In this case we have a 52 year old man who smoked two packs of cigarettes daily, participated in a band which played nights, and died at his desk of a heart attack. The cause? Certainly, there *347is no substantial evidence that his job caused his death. The majority and a majority of the court of appeals rely on a note from Stringfellow’s doctor to Mrs. Stringfellow which concludes that the long hours and job pressures were “contributing factors” to the heart attack. Then on cross-examination the doctor admitted that he had no personal knowledge that Mr. Stringfellow was under any unusual job-related stress just prior to his death and that he did not believe that the job caused the death, only that it may have been a contributory factor.

Such evidence is not that which we ordinarily find to be substantial. In Pickens-Bond Const. Co. et al v. Case, 266 Ark. 323, 584 S.W.2d 21 (1979), a worker’s compensation case, we reiterated the definition of substantial evidence:

Substantial evidence has been defined as ‘evidence that is of sufficient force and character that it will, with reasonable and material certainty and precision, compel a conclusion one way or the other. It must force or induce the mind to pass beyond a suspicion or conjecture.’ Ford on Evidence, Vol. 4, § 549, page 2760. Substantial evidence has also been defined as ‘evidence furnishing a substantial basis of fact from which the fact in issue can reasonably be inferred; and the test is not satisfied by evidence which merely creates a suspicion or which amounts to no more than a scintilla or which gives equal support to inconsistent inferences.’

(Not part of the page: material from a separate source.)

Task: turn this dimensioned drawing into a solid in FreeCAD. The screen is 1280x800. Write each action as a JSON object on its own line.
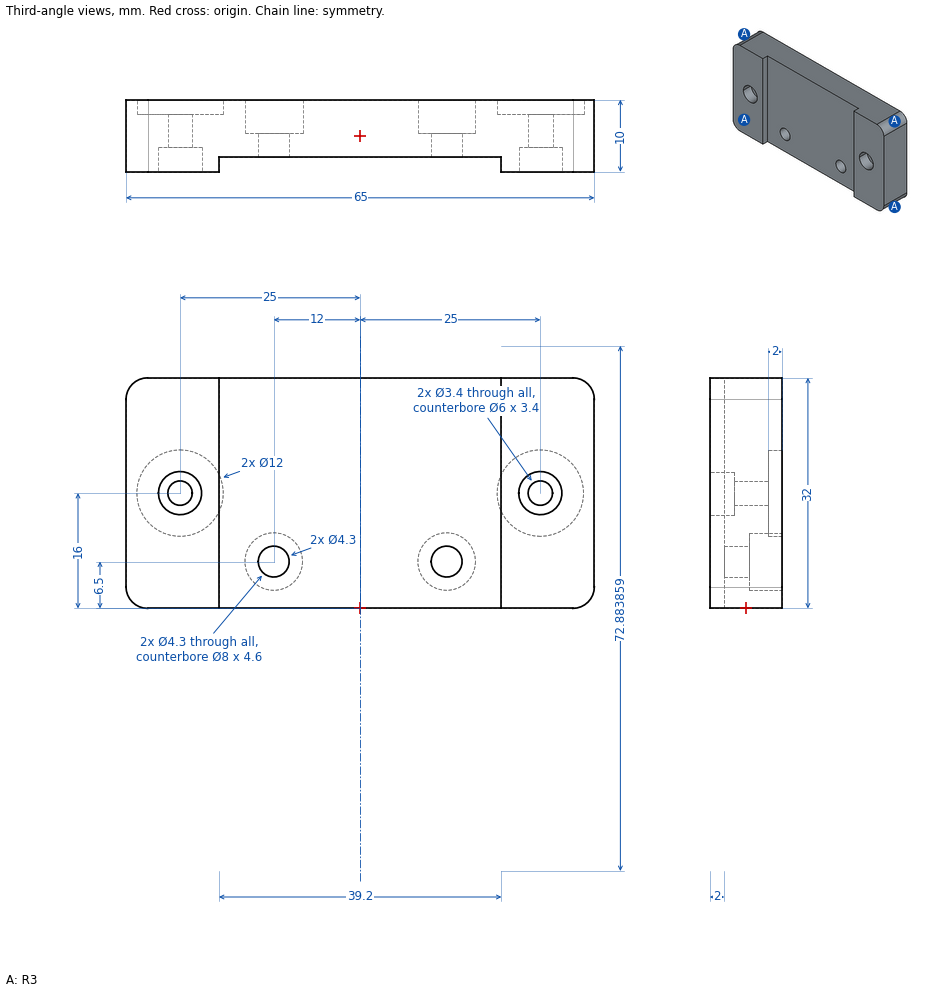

In relaxing our standard of review, we are sending a message that in heart attack cases, workers’ compensation will become a form of life insurance rather than compensation for job related accidents or injuries. That will probably lead to an amendment of the workers’ compensation law which could work to the detriment of the workers.

I would deny the claim as being unsupported by any substantial evidence. Furthermore, I would join those who call for a review of the legal standard of causation in such cases. See A. Larson, The “Heart Cases” in Workmen’s Compensation: An Analysis and Suggested Solution, 65 Mich. L. Rev. 441 (1967).

*348Holt, C.J., joins in the dissent.